For details on the architectural separation that enforces these residency guarantees, see Two-plane separation.
Verification
Data classification
Reviewer focus: Confirm that each data type resides where the classification table claims. Verify that bulk data is in the customer’s infrastructure, and that task definitions in the control plane contain only expected fields.
How to verify:
The task definition schema is derived from the open-source Flyte protobuf definitions in the
flyte-sdk repository.
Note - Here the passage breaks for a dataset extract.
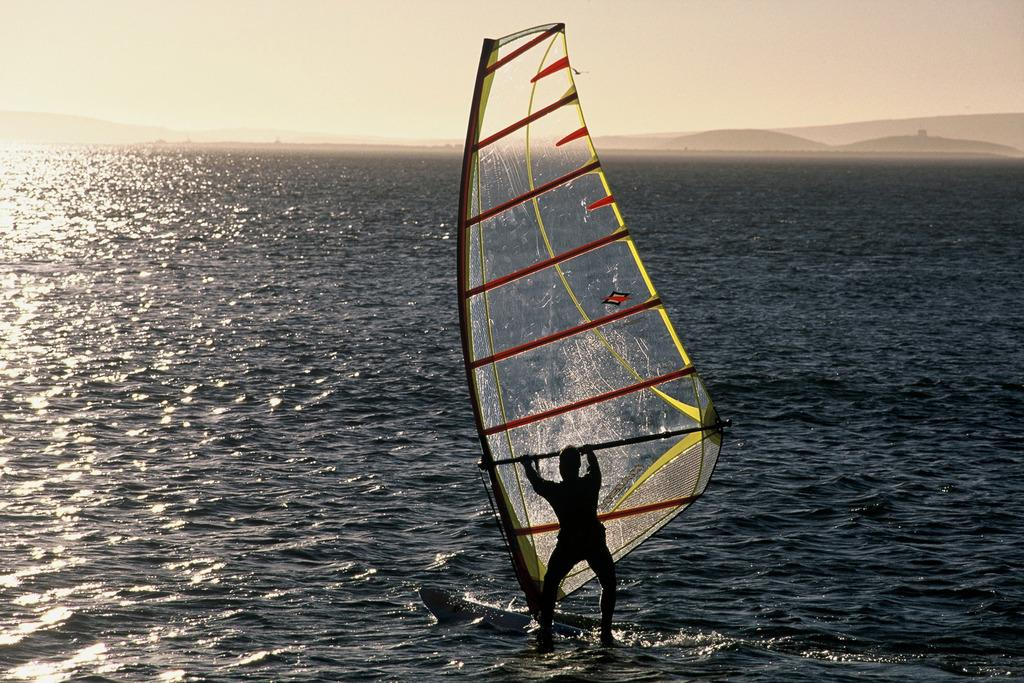What is the person in the image doing? The person is doing windsurfing in the image. Where is the windsurfing activity taking place? The activity is taking place in a river. What can be seen in the background of the image? There is a sky visible in the background of the image. What type of marble is the person using for windsurfing in the image? There is no marble present in the image; the person is windsurfing on a river using a windsurfing board and sail.

Review the TaskTemplate and RunSpec protobuf schemas and compare them to the field enumeration in the classification table above to confirm that the fields stored match the documented classifications.
Then run a workflow with recognizable data (e.g., a known string or file), and verify the location of each data type:
-
Inputs/outputs: confirm they are in the customer’s object store:
aws s3 ls s3://<customer-bucket>/org/project/domain/run-name/action-name/ -
Code bundle: confirm it is in the customer’s object store:
aws s3 ls s3://<customer-bucket>/org/project/domain/code-bundles/ -
Container image: confirm it is in the customer’s container registry:
aws ecr describe-images --repository-name <repo> --region <region> -
Logs: confirm they are in the customer’s log aggregator:
aws logs get-log-events --log-group-name <group> --log-stream-name <stream> -
Secrets: confirm they are in the customer’s secrets backend:
aws secretsmanager list-secrets --region <region> -
Task definition: confirm it contains the expected fields, stored in the control plane:
uctl get task <task-name> -o jsonThe response will contain resource requirements, typed interfaces, container image references, and potentially sensitive fields (environment variables, default values, etc.) as documented in Control plane. Bulk data content should not appear inline.
-
Run metadata: confirm it contains metadata and URI references, stored in the control plane:
uctl get execution <execution-id> -o jsonThe response should contain phase, timestamps, URIs, error messages, and task definition fields. Bulk data content should not appear inline.
Data residency
Reviewer focus: Confirm that all data plane resources reside in the customer’s chosen region and that no customer data is stored outside that region.
How to verify:
-
Confirm the object store region:
aws s3api get-bucket-location --bucket <customer-bucket>The output should match the customer’s chosen deployment region.
-
Verify all data plane resources in the cloud console. Compute, storage, registry, secrets, and log aggregator should all be in the same region.
-
Confirm the cluster region via the Union.ai API:
uctl get clusterThe cluster region should match the customer’s chosen deployment region.